■ YOUR GOAL: Your response should be an exact reproduction of the data below, beginning at the line containing "Next: the person (353,604,382,682)." and ending with the final line.

Records from a collection
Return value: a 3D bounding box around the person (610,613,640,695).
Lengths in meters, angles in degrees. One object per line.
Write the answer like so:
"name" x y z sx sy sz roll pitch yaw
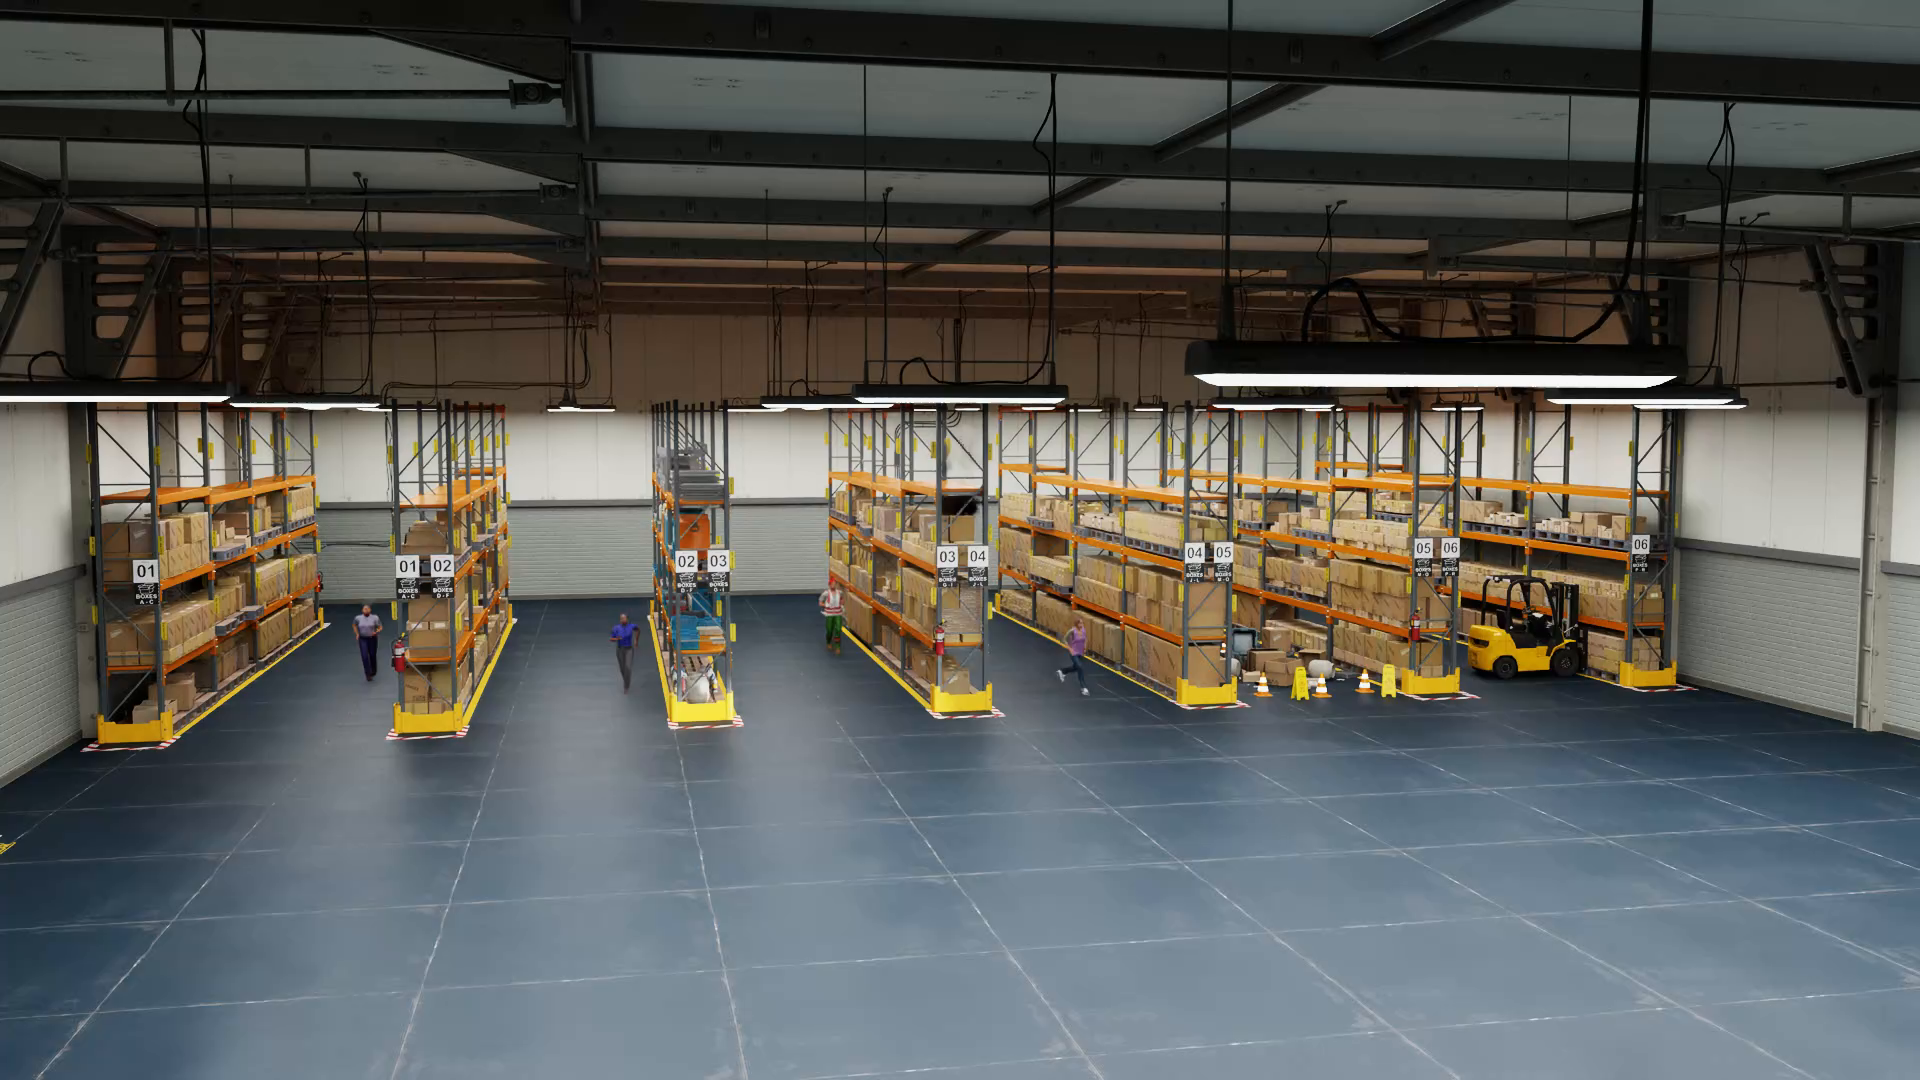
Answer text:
"person" -6.904 2.344 34.300 0.582 1.723 0.885 0 4 -5

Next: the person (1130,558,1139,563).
"person" 4.870 1.366 46.414 0.586 1.738 0.855 -2 5 -28

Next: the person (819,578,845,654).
"person" -3.039 1.802 39.759 0.657 1.776 0.968 -1 4 -17

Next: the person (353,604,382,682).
"person" -12.808 2.199 35.962 0.614 1.643 0.774 -1 5 -17

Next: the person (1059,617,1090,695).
"person" 2.345 2.366 34.358 0.536 1.587 0.942 -3 5 -37

■ RESPONSE AREA:
Next: the person (353,604,382,682).
"person" -12.808 2.199 35.962 0.614 1.643 0.774 -1 5 -17

Next: the person (1059,617,1090,695).
"person" 2.345 2.366 34.358 0.536 1.587 0.942 -3 5 -37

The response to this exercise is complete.